/

Guerrilla Architecture Group Challenges “Cornellification” of Campus

A group of architecture aficionados has been raising vocal alarm about a sinister movement that in recent years has stealthily crept into the most hallowed spaces on Swarthmore’s campus. Known in certain circles as “Cornellification,” this is the campaign by which the sleek, stylish, modern interior design seen in Cornell Library has become more commonplace on campus, proliferating in areas in which it seemingly does not belong. In opposition to this movement, determined supporters of traditional architecture have recently protested publicly by extrajudicially replacing the front door of Cornell with an old-fashioned wooden door.

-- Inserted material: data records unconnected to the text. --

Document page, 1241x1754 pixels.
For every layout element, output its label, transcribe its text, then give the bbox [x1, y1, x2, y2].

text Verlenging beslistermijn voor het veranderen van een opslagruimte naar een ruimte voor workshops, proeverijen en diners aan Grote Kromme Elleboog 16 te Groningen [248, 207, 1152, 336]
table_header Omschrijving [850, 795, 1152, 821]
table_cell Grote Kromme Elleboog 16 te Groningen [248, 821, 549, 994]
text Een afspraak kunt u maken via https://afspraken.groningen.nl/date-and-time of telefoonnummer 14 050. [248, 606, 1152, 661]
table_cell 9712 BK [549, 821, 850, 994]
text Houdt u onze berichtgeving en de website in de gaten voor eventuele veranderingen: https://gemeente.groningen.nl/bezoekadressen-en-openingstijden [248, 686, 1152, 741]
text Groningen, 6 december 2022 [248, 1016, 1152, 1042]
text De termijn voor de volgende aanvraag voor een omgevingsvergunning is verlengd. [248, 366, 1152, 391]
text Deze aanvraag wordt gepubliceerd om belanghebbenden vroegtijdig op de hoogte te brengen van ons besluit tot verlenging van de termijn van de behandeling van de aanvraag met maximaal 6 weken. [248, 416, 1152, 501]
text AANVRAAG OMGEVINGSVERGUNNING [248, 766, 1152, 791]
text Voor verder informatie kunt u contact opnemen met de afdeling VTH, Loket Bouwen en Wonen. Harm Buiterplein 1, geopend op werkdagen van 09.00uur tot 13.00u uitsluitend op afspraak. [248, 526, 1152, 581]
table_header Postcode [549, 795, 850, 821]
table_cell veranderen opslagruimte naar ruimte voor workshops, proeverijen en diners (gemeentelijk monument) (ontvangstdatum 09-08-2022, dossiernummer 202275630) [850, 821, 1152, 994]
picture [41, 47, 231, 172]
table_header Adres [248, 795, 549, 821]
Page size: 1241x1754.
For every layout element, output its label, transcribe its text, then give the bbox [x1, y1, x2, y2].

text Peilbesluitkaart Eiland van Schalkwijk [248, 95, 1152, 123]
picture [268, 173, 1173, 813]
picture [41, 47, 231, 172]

Cornell Library is the genesis and enduring standard bearer of the modern design movement. The Cornell-style design features bright white lighting, firm seating cushions, poly mesh textiles, and a mainly grey color palette accentuated by occasional neon green or orange. Over the last few years, this design language has taken over half of McCabe 2nd, a good part of McCabe 1st, Danawell, Singer Hall, Whittier Hall, and more. Alarmists warn that at current growth rates the campus will be completely Cornellified by 2037. The still-under-construction dining and community commons building will be but the newest battleground in this long war of attrition for aesthetic domination.

Losing more and more ground every year to the seemingly unstoppable march of Cornellification, many reactionary proponents of traditionalist architecture have all but given up the fight, retreating to their dwindling strongholds in the dingiest corners of McCabe and Worth. But a recent unexpected offensive from the anti-Cornellification traditionalists has opened up a new front in the design war and has reinvigorated the opposition to modernisation. Under cover of darkness in the early morning of Tuesday, September 14, clandestine traditionalists disabled the sleek automated front door of Cornell Library and replaced it with a nondescript wooden door bearing the emblem of a horse and buggy.

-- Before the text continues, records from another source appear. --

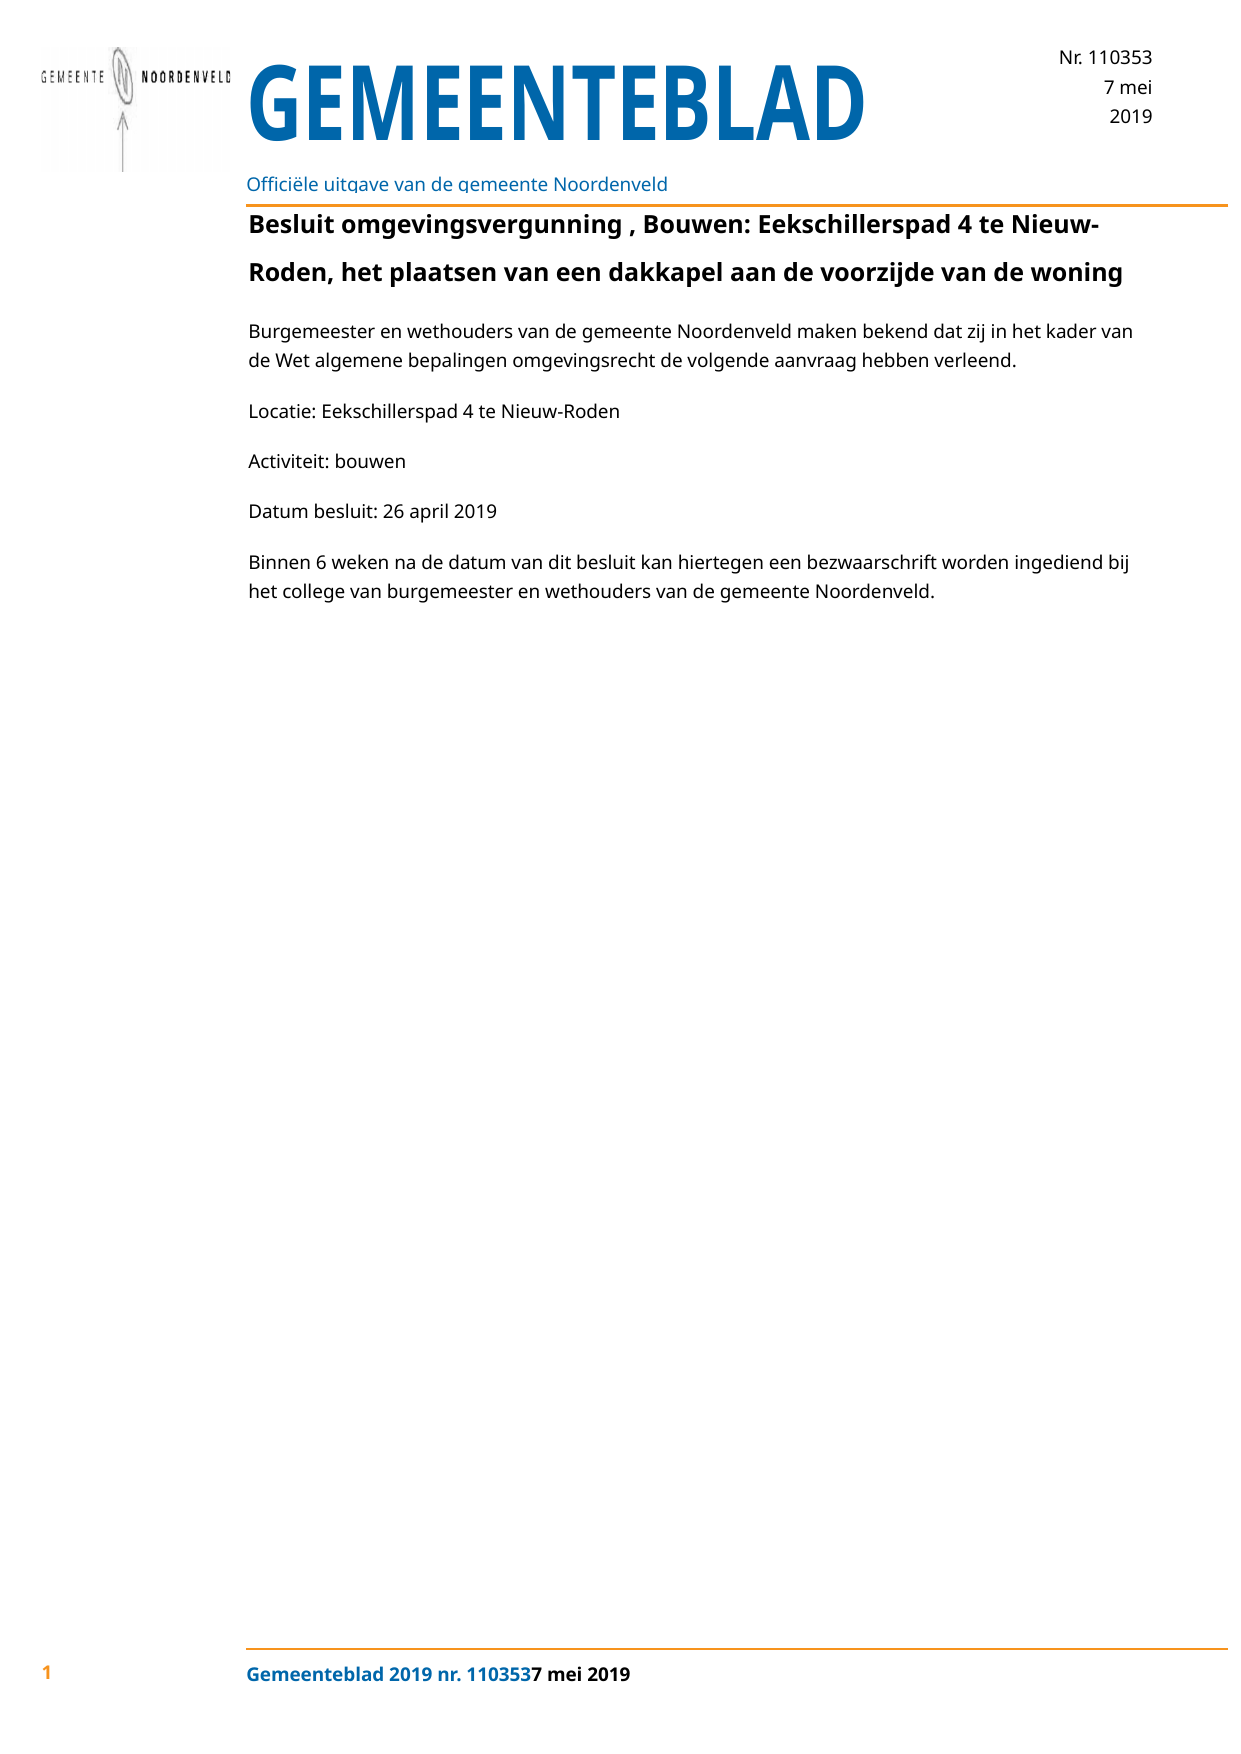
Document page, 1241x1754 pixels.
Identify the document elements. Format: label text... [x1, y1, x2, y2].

text Binnen 6 weken na de datum van dit besluit kan hiertegen een bezwaarschrift worden ingediend bij het college van burgemeester en wethouders van de gemeente Noordenveld. [248, 549, 1152, 604]
picture [41, 47, 231, 172]
text Datum besluit: 26 april 2019 [248, 499, 1152, 524]
text Besluit omgevingsvergunning , Bouwen: Eekschillerspad 4 te Nieuw-Roden, het plaatsen van een dakkapel aan de voorzijde van de woning [248, 207, 1152, 288]
text Activiteit: bouwen [248, 448, 1152, 474]
text Locatie: Eekschillerspad 4 te Nieuw-Roden [248, 398, 1152, 424]
text Burgemeester en wethouders van de gemeente Noordenveld maken bekend dat zij in het kader van de Wet algemene bepalingen omgevingsrecht de volgende aanvraag hebben verleend. [248, 318, 1152, 373]

In this stunning direct action, the resistance brought traditionalism to the very center of the Cornell imperial metropole. Rather than staying in their cabins in rural Montana, these burgeoning Kaczynskites came right to the center of modern Swarthmore life to spread their word. Their message was heard loud and clear: modernization may seem inevitable, but traditional design will never truly be eliminated. It is a yearning for the days of yore when Swarthmore was but a small town, a far cry from the bustling metropolis it is today.

The wooden door typifies this yearning, its elegance and grace recalling a gentler time before the harsh efficiency of modern aesthetics took over. Though the supple nine-paned glass window of the wooden door offers a tasteful view into the interior of the library, the door is for the most part composed of opaque mahogany which modestly conceals the view to outsiders. This is in stark contrast to the fully bared view of the library that the previous door revealed, a cold glass monument to the impossibility of privacy in the fully globalized and surveilled world for which Cornell’s furnishings were designed. 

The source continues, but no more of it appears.